WHAT IS REQUIRED: Transcribe these records exactly, dropping every picture.

(Records from a dataset)
▬▬▬
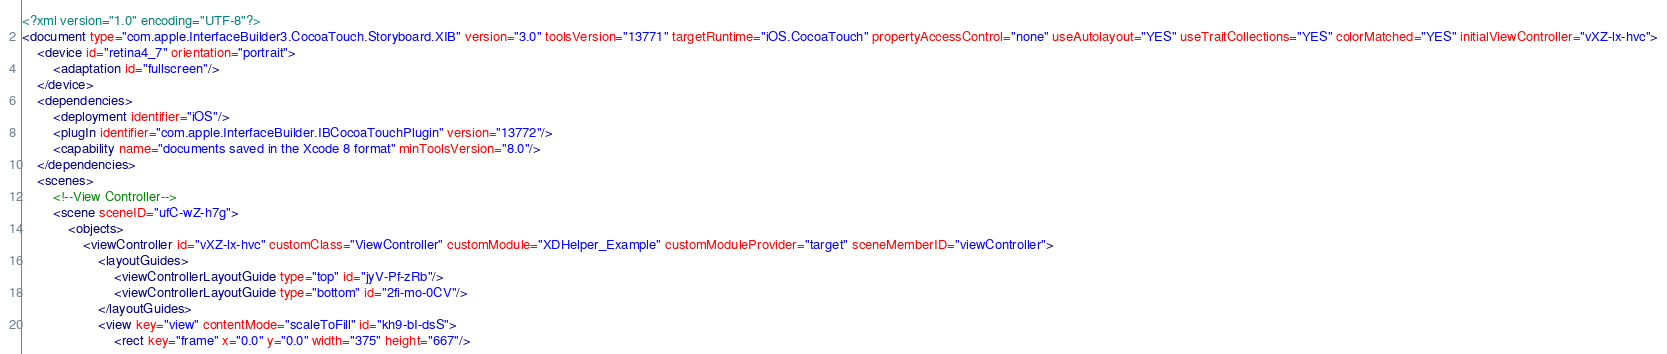<code> <loc_0><loc_0><loc_500><loc_500><_XML_><?xml version="1.0" encoding="UTF-8"?>
<document type="com.apple.InterfaceBuilder3.CocoaTouch.Storyboard.XIB" version="3.0" toolsVersion="13771" targetRuntime="iOS.CocoaTouch" propertyAccessControl="none" useAutolayout="YES" useTraitCollections="YES" colorMatched="YES" initialViewController="vXZ-lx-hvc">
    <device id="retina4_7" orientation="portrait">
        <adaptation id="fullscreen"/>
    </device>
    <dependencies>
        <deployment identifier="iOS"/>
        <plugIn identifier="com.apple.InterfaceBuilder.IBCocoaTouchPlugin" version="13772"/>
        <capability name="documents saved in the Xcode 8 format" minToolsVersion="8.0"/>
    </dependencies>
    <scenes>
        <!--View Controller-->
        <scene sceneID="ufC-wZ-h7g">
            <objects>
                <viewController id="vXZ-lx-hvc" customClass="ViewController" customModule="XDHelper_Example" customModuleProvider="target" sceneMemberID="viewController">
                    <layoutGuides>
                        <viewControllerLayoutGuide type="top" id="jyV-Pf-zRb"/>
                        <viewControllerLayoutGuide type="bottom" id="2fi-mo-0CV"/>
                    </layoutGuides>
                    <view key="view" contentMode="scaleToFill" id="kh9-bI-dsS">
                        <rect key="frame" x="0.0" y="0.0" width="375" height="667"/></code> 
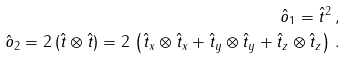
▬▬▬
TASK RESPONSE:
<code> <loc_0><loc_0><loc_500><loc_500><_XML_><?xml version="1.0" encoding="UTF-8"?>
<document type="com.apple.InterfaceBuilder3.CocoaTouch.Storyboard.XIB" version="3.0" toolsVersion="13771" targetRuntime="iOS.CocoaTouch" propertyAccessControl="none" useAutolayout="YES" useTraitCollections="YES" colorMatched="YES" initialViewController="vXZ-lx-hvc">
    <device id="retina4_7" orientation="portrait">
        <adaptation id="fullscreen"/>
    </device>
    <dependencies>
        <deployment identifier="iOS"/>
        <plugIn identifier="com.apple.InterfaceBuilder.IBCocoaTouchPlugin" version="13772"/>
        <capability name="documents saved in the Xcode 8 format" minToolsVersion="8.0"/>
    </dependencies>
    <scenes>
        <!--View Controller-->
        <scene sceneID="ufC-wZ-h7g">
            <objects>
                <viewController id="vXZ-lx-hvc" customClass="ViewController" customModule="XDHelper_Example" customModuleProvider="target" sceneMemberID="viewController">
                    <layoutGuides>
                        <viewControllerLayoutGuide type="top" id="jyV-Pf-zRb"/>
                        <viewControllerLayoutGuide type="bottom" id="2fi-mo-0CV"/>
                    </layoutGuides>
                    <view key="view" contentMode="scaleToFill" id="kh9-bI-dsS">
                        <rect key="frame" x="0.0" y="0.0" width="375" height="667"/></code> 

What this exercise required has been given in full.